Но он не сумел досказать свою мысль. Шляпа, которую он держал в руках, покатилась на землю. Он увидел перед собой заросшее рыжей щетиной лицо малютки Ганса и его рубашку цвета горилльей шерсти. Горилльим приемом — ударом кулака в живот — малютка Ганс сбил с ног доктора Пиккеринга.

— Жалкий человечишко, хвост черепахи, желудок лягушки! — рычал малютка Ганс. — Как ты смеешь гордиться тем, что ты жалкий человечек, когда мы гордимся, что стали гориллами!

— О, мой бог! — проговорил доктор Пиккеринг, стоя опять на коленях и закрыв лицо руками.

— Не бейте его, — сказал чей-то женский голос, — не бейте его, он еще не пришел в себя после переезда.

— Это ты, моя дорогая, Элизабет? — узнал ее по голосу Пиккеринг.

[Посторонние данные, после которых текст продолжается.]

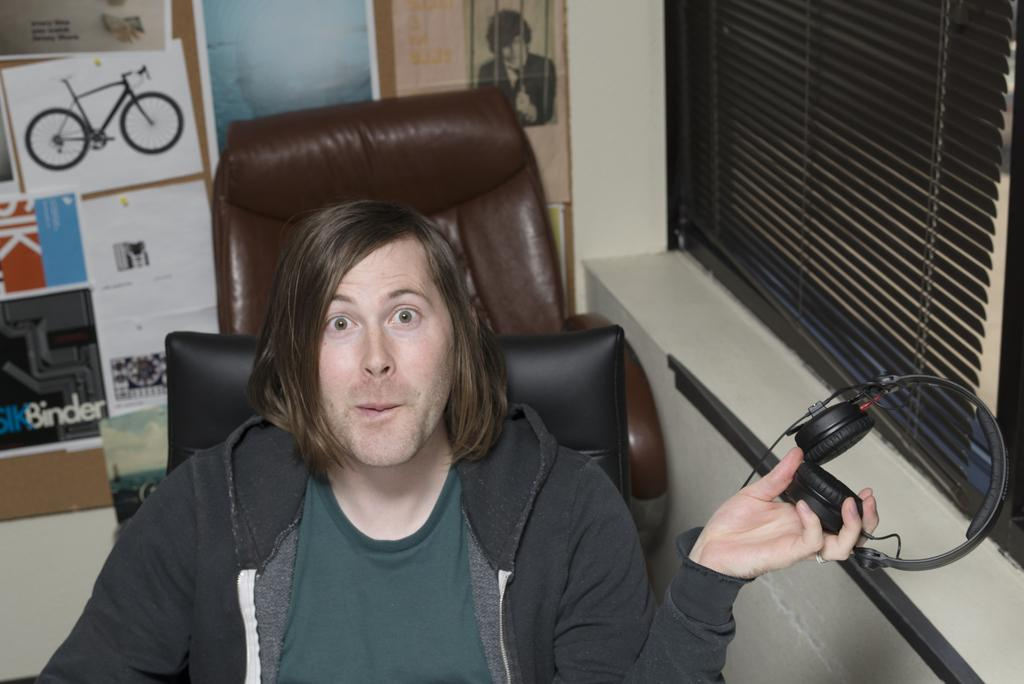What is the man in the image doing? The man is sitting on a chair in the image. What is the man holding in his hand? The man is holding a headset in his hand. What can be seen in the background of the image? There is wallpaper, a board, and a window in the background of the image. What type of pain can be seen on the man's face in the image? There is no indication of pain on the man's face in the image. Is the stew in the image hot or cold? There is no stew present in the image.

— Да, это я, бывшая твоя самочка.

— Что? — переспросил доктор, думая, что он ослышался, и содрогаясь от ужаса..

— Она теперь уж не твоя самка, печень лягушки, а моя самка, — прорычал над ним грубый голос, в котором он узнал голос хромого вожака стада. — Отойди от него, Элизабетка, а не то я проломлю череп и тебе и ему. Ну, открой глаза, старый попугай. Посмотри на меня, Хромого. Посмотри, какое теперь у меня стало стадо. Взгляни…

Доктор открыл глаза и увидел, что Хромой одной рукой прижимает к себе Элизабет, а другой указывает на тысячную толпу людей, одетых в коричневые рубашки.

И ему стало страшно, бедному доктору Пиккерингу.

— Люди! — воскликнул он. — Моя Элизабет! Люди мои! Очнитесь! Очнитесь! Ужели этот непристойный, вонючий, кровожадный зверь стал вашим вождем? Ужели вы хотите променять свое человеческое достоинство на это скотство? Ужели…

Но он опять не договорил. Лохматая хромая нога господина Гориллиуса с силой стукнула его по подбородку. Удар был так силен, что доктор несколько раз перевернулся в воздухе и шлепнулся в густую от бензина, грязи и отбросов портовую воду. И таким свойством обладает эта вода, что даже круги на ней не расходятся, когда падает в нее человеческое тело.

На этом кончается история жизни доктора Пиккеринга и начинается другая история, которая, собственно говоря, и составляет предмет моего описания.